Task description
Write out the lines below exactly, beginning at the one with "Provide a succinct answer. Amerada" and stopping after the one with "Provide a succinct answer. Metal."; the pictures are not copied.
═══ Given data ═══
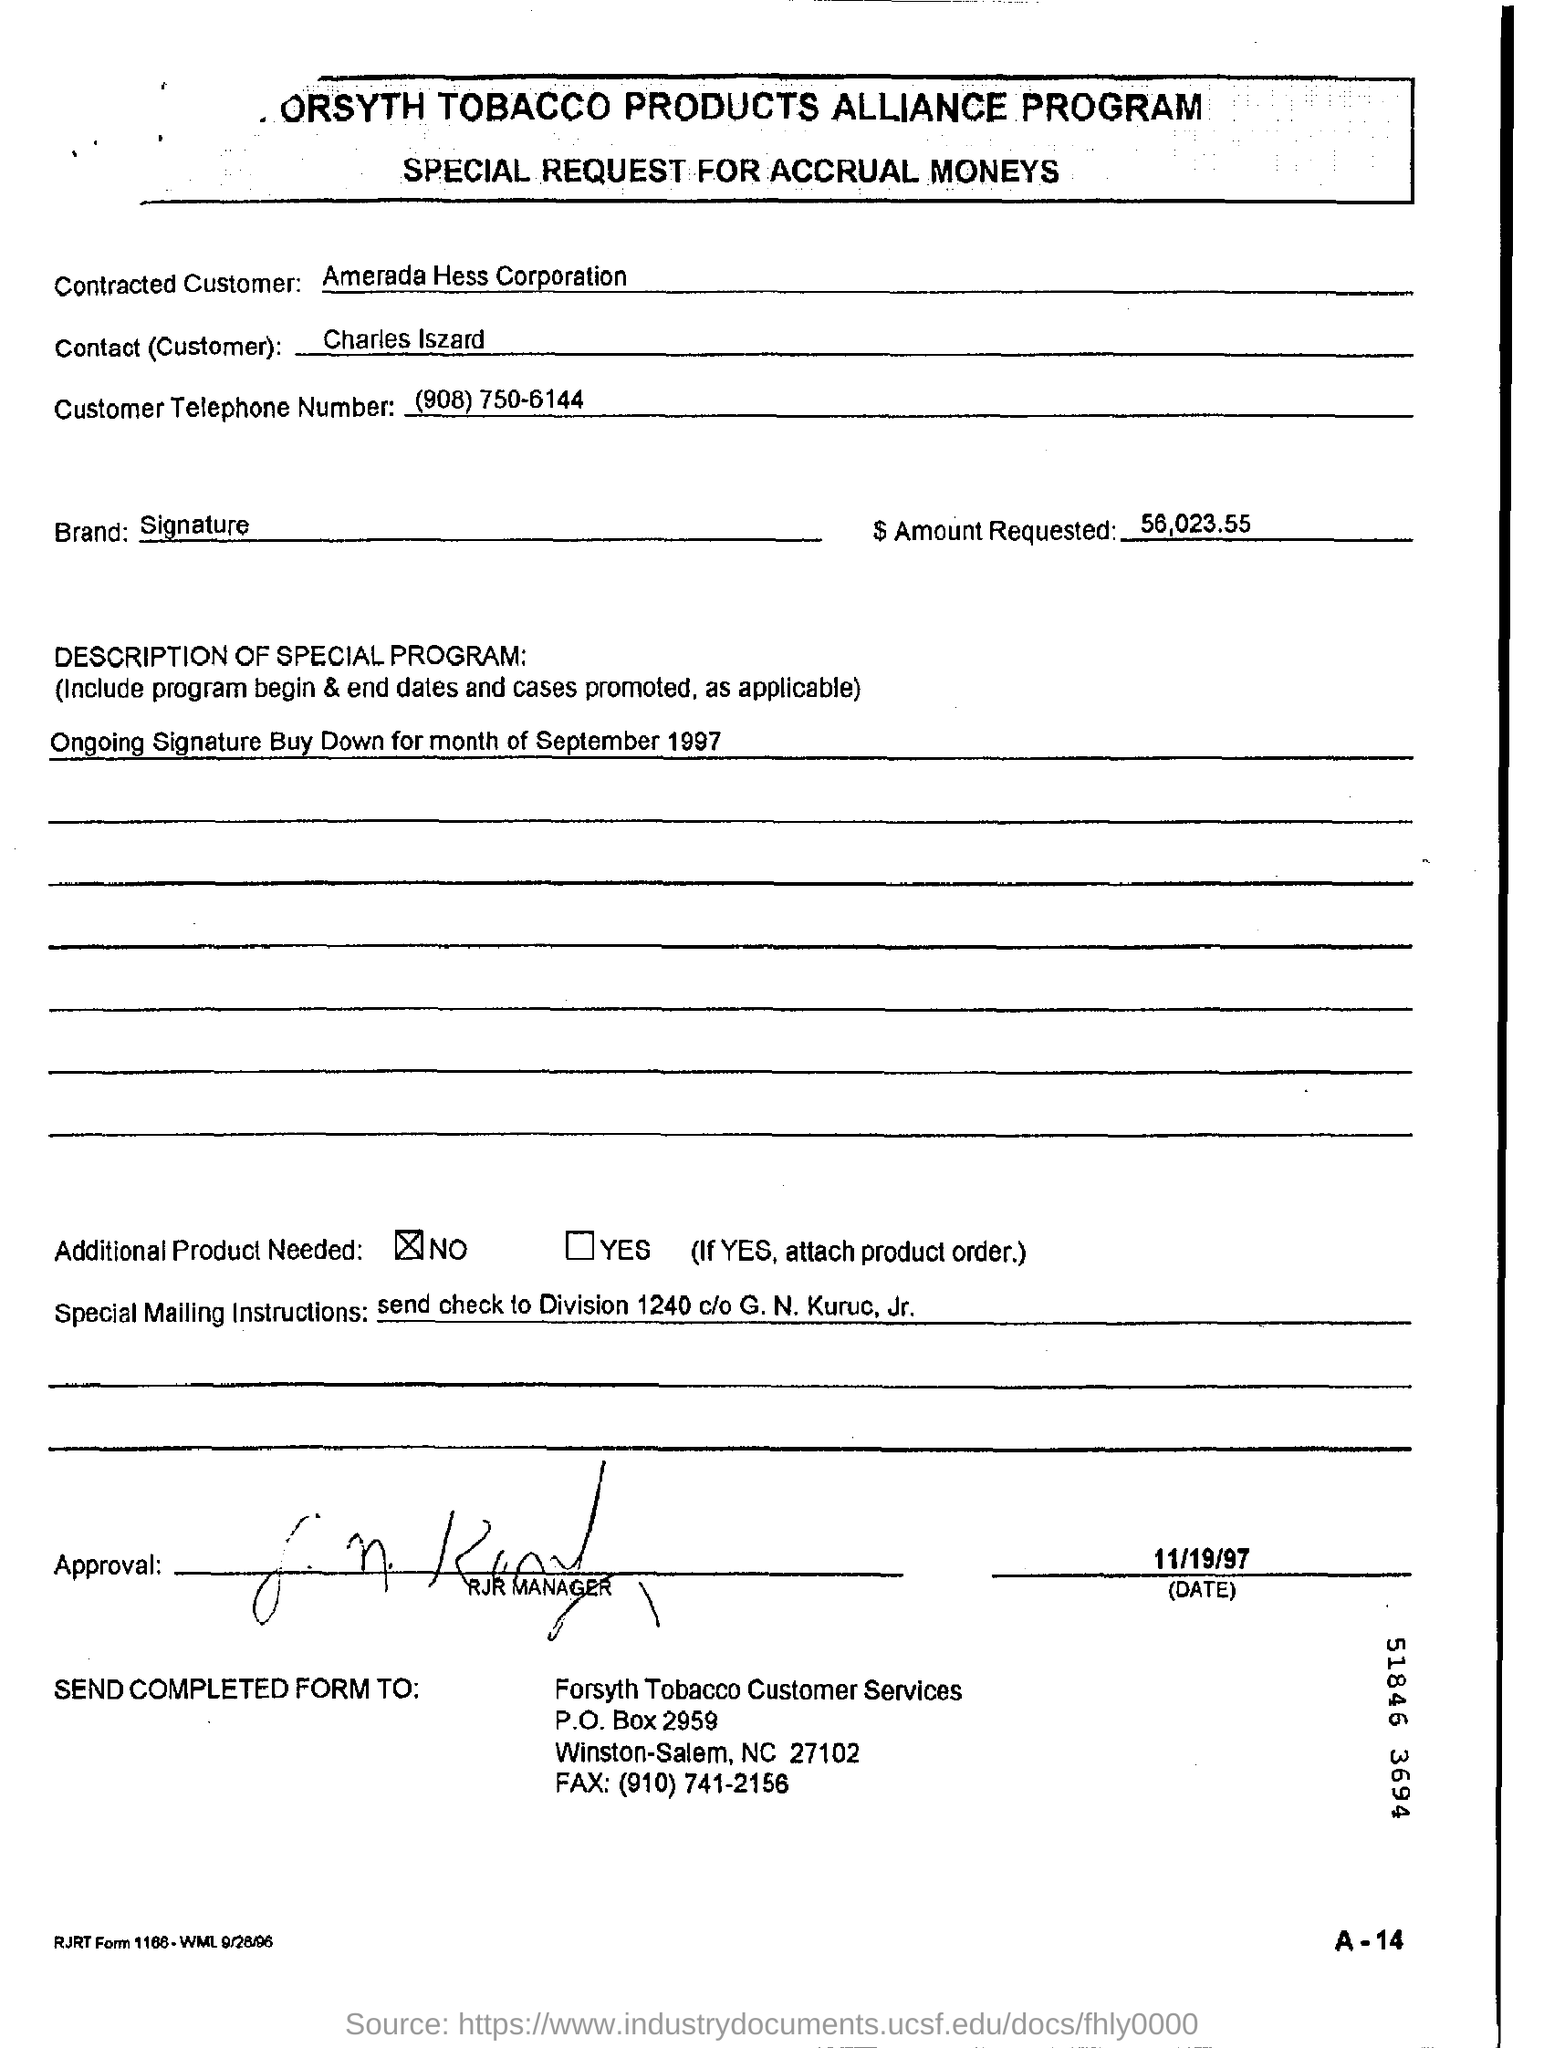What is the $ Amount Requested?
Offer a terse response. 56,023.55. What is the Brand?
Make the answer very short. Signature. Who is the Contracted Customer?
Provide a succinct answer. Amerada Hess Corporation. What is the Customer Telephone Number?
Your response must be concise. (908) 750-6144. What is the date on the document?
Offer a terse response. 11/19/97. 
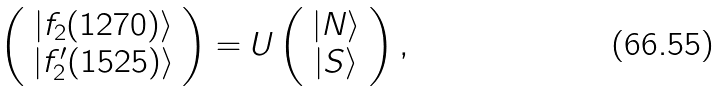<formula> <loc_0><loc_0><loc_500><loc_500>\left ( \begin{array} { c } { { | f _ { 2 } ( 1 2 7 0 ) \rangle } } \\ { { | f _ { 2 } ^ { \prime } ( 1 5 2 5 ) \rangle } } \end{array} \right ) = U \left ( \begin{array} { c } { | N \rangle } \\ { | S \rangle } \end{array} \right ) ,</formula> 
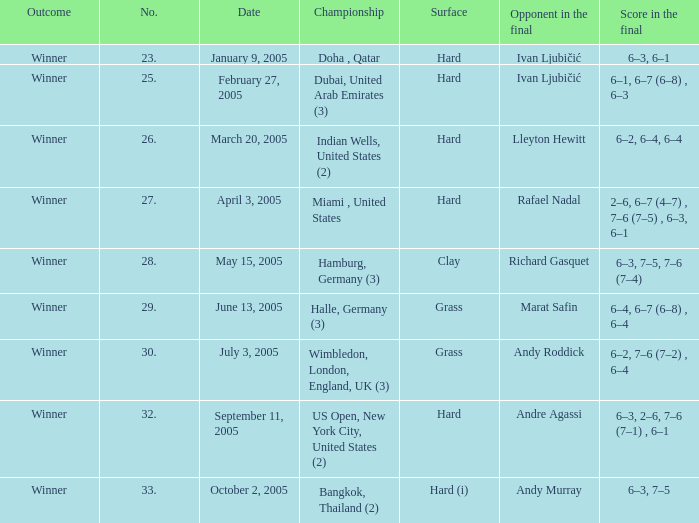Marat Safin is the opponent in the final in what championship? Halle, Germany (3). 
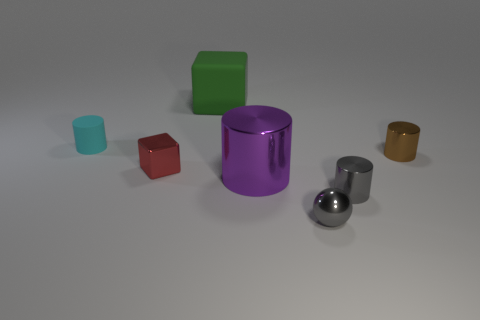What number of big green objects are the same shape as the red thing?
Your response must be concise. 1. What number of cubes are there?
Your response must be concise. 2. The big object in front of the small cyan cylinder is what color?
Offer a very short reply. Purple. There is a rubber thing that is on the left side of the object behind the tiny cyan rubber object; what is its color?
Your answer should be very brief. Cyan. There is a shiny ball that is the same size as the red metal object; what is its color?
Provide a short and direct response. Gray. What number of tiny cylinders are both in front of the brown cylinder and to the left of the tiny gray ball?
Your response must be concise. 0. What is the shape of the small shiny thing that is the same color as the small ball?
Provide a succinct answer. Cylinder. The cylinder that is both right of the tiny cyan cylinder and left of the gray cylinder is made of what material?
Provide a succinct answer. Metal. Is the number of tiny red things to the right of the small gray cylinder less than the number of big rubber blocks behind the rubber cube?
Keep it short and to the point. No. What size is the brown object that is made of the same material as the red object?
Provide a succinct answer. Small. 
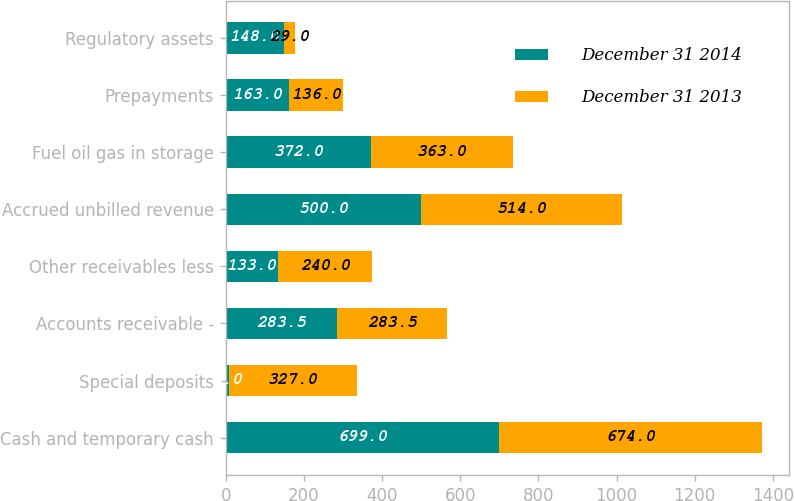Convert chart. <chart><loc_0><loc_0><loc_500><loc_500><stacked_bar_chart><ecel><fcel>Cash and temporary cash<fcel>Special deposits<fcel>Accounts receivable -<fcel>Other receivables less<fcel>Accrued unbilled revenue<fcel>Fuel oil gas in storage<fcel>Prepayments<fcel>Regulatory assets<nl><fcel>December 31 2014<fcel>699<fcel>8<fcel>283.5<fcel>133<fcel>500<fcel>372<fcel>163<fcel>148<nl><fcel>December 31 2013<fcel>674<fcel>327<fcel>283.5<fcel>240<fcel>514<fcel>363<fcel>136<fcel>29<nl></chart> 
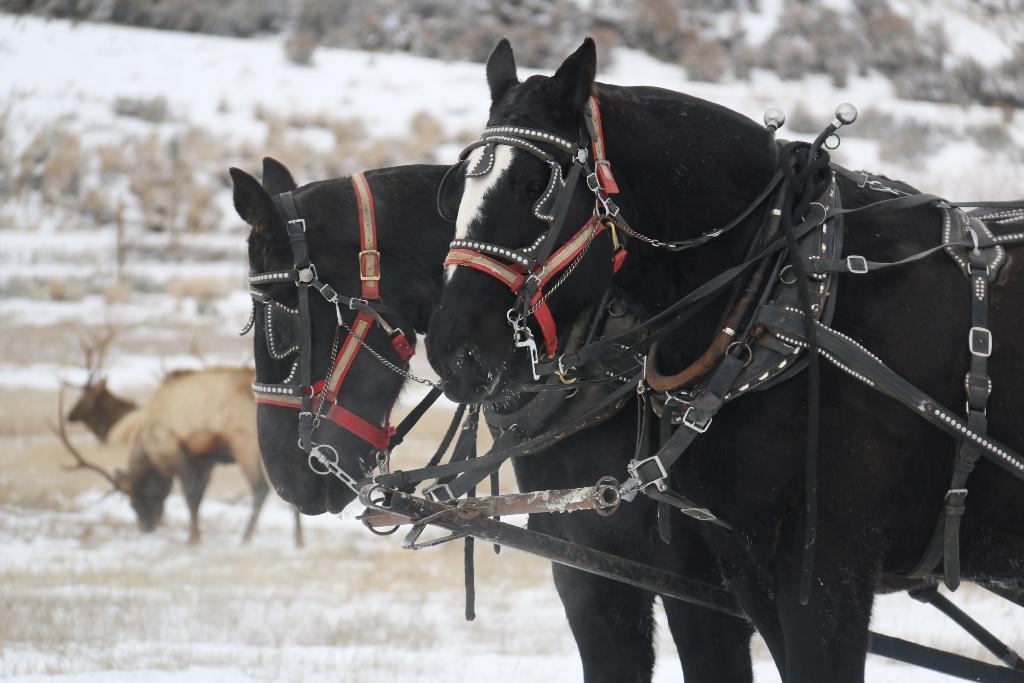Can you describe this image briefly? In the center of the image we can see two horses. And we can see belts are attached to the horses. In the background, we can see snow, animals and a few other objects. 
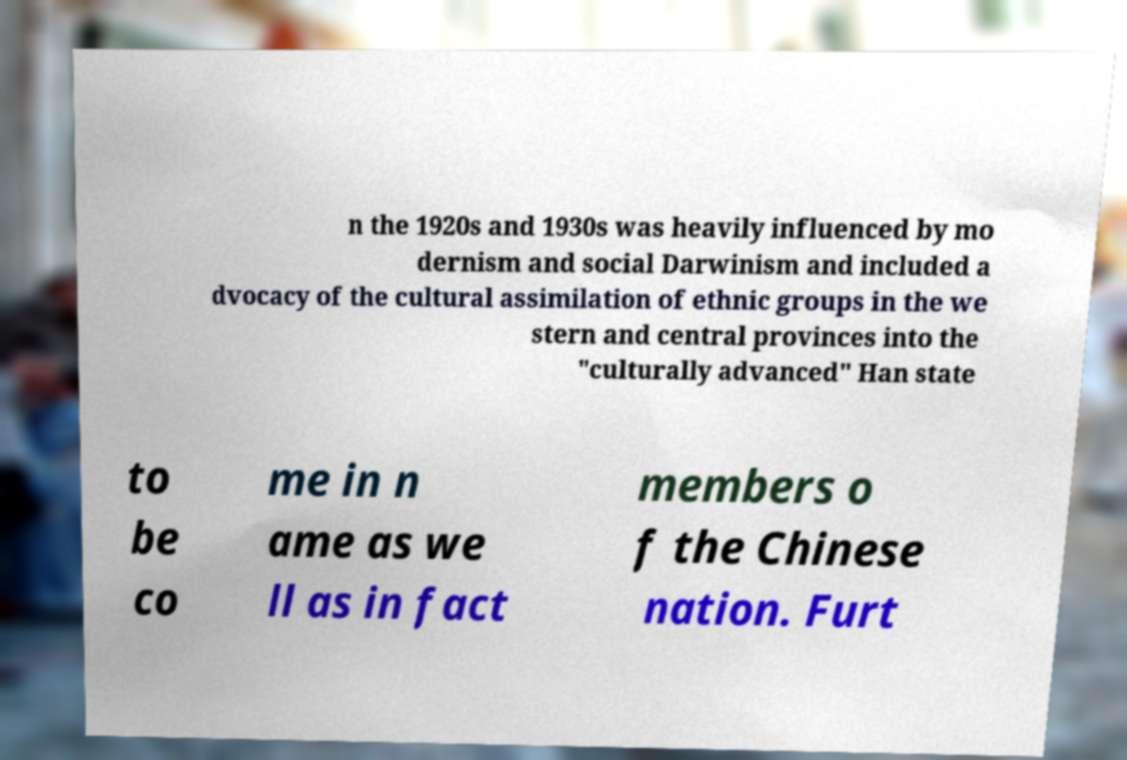There's text embedded in this image that I need extracted. Can you transcribe it verbatim? n the 1920s and 1930s was heavily influenced by mo dernism and social Darwinism and included a dvocacy of the cultural assimilation of ethnic groups in the we stern and central provinces into the "culturally advanced" Han state to be co me in n ame as we ll as in fact members o f the Chinese nation. Furt 
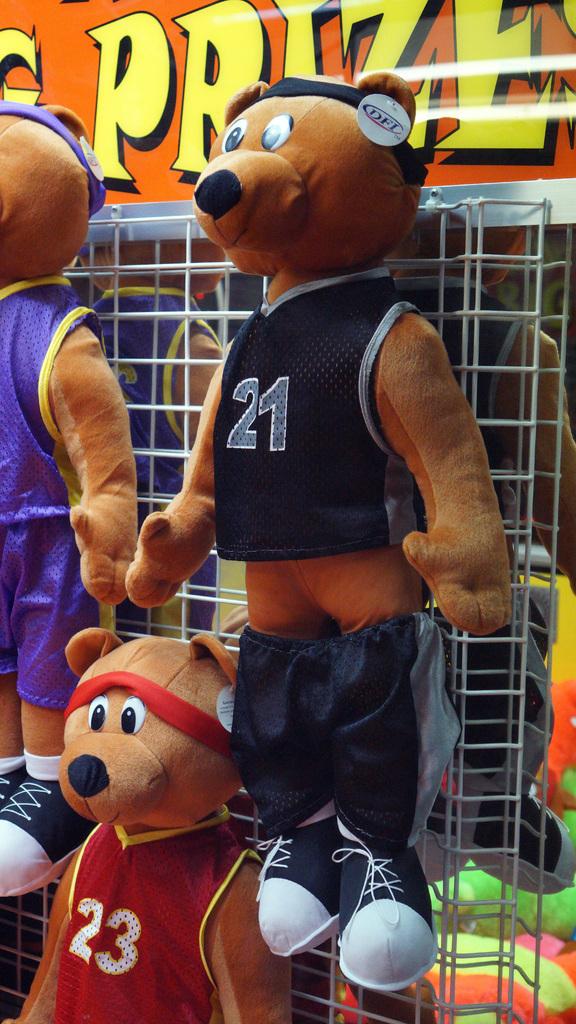Are these stuff animals used as a prize?
Ensure brevity in your answer.  Yes. What number is on the red jersey?
Your response must be concise. 23. 
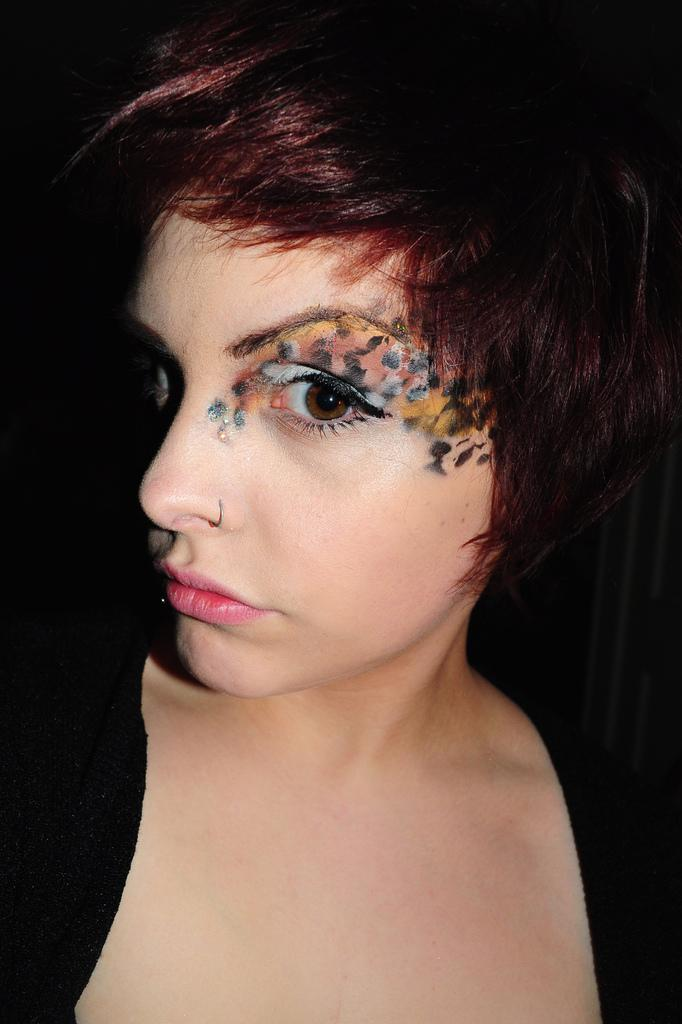Who is present in the image? There is a woman in the image. What is the woman wearing in the image? The woman is wearing a black dress in the image. Are there any accessories visible on the woman in the image? Yes, the woman is wearing a nose ring in the image. What type of goldfish can be seen swimming in the image? There are no goldfish present in the image. Is there any indication of hate or animosity in the image? The image does not show any signs of hate or animosity. 
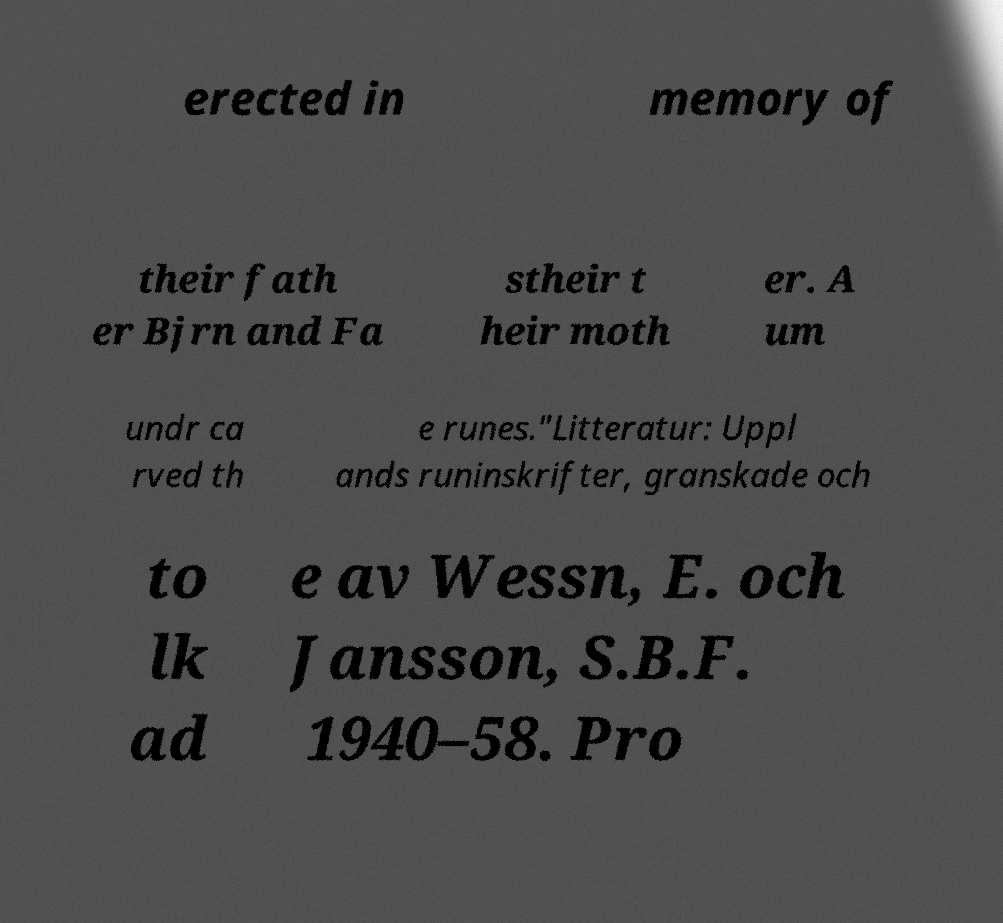There's text embedded in this image that I need extracted. Can you transcribe it verbatim? erected in memory of their fath er Bjrn and Fa stheir t heir moth er. A um undr ca rved th e runes."Litteratur: Uppl ands runinskrifter, granskade och to lk ad e av Wessn, E. och Jansson, S.B.F. 1940–58. Pro
═══
Reply
Provide a succinct answer. Amerada Hess Corporation. What is the Customer Telephone Number?
Your response must be concise. (908) 750-6144. What is the date on the document?
Offer a terse response. 11/19/97. 
<formula> <loc_0><loc_0><loc_500><loc_500>\left ( \begin{array} { c } { { | f _ { 2 } ( 1 2 7 0 ) \rangle } } \\ { { | f _ { 2 } ^ { \prime } ( 1 5 2 5 ) \rangle } } \end{array} \right ) = U \left ( \begin{array} { c } { | N \rangle } \\ { | S \rangle } \end{array} \right ) ,</formula> 
Marat Safin is the opponent in the final in what championship? Halle, Germany (3). 
What number of big green objects are the same shape as the red thing?
Your response must be concise. 1. What number of cubes are there?
Your response must be concise. 2. The big object in front of the small cyan cylinder is what color?
Offer a very short reply. Purple. There is a rubber thing that is on the left side of the object behind the tiny cyan rubber object; what is its color?
Your answer should be very brief. Cyan. There is a shiny ball that is the same size as the red metal object; what is its color?
Provide a short and direct response. Gray. What number of tiny cylinders are both in front of the brown cylinder and to the left of the tiny gray ball?
Your response must be concise. 0. What is the shape of the small shiny thing that is the same color as the small ball?
Provide a succinct answer. Cylinder. The cylinder that is both right of the tiny cyan cylinder and left of the gray cylinder is made of what material?
Provide a succinct answer. Metal. Is the number of tiny red things to the right of the small gray cylinder less than the number of big rubber blocks behind the rubber cube?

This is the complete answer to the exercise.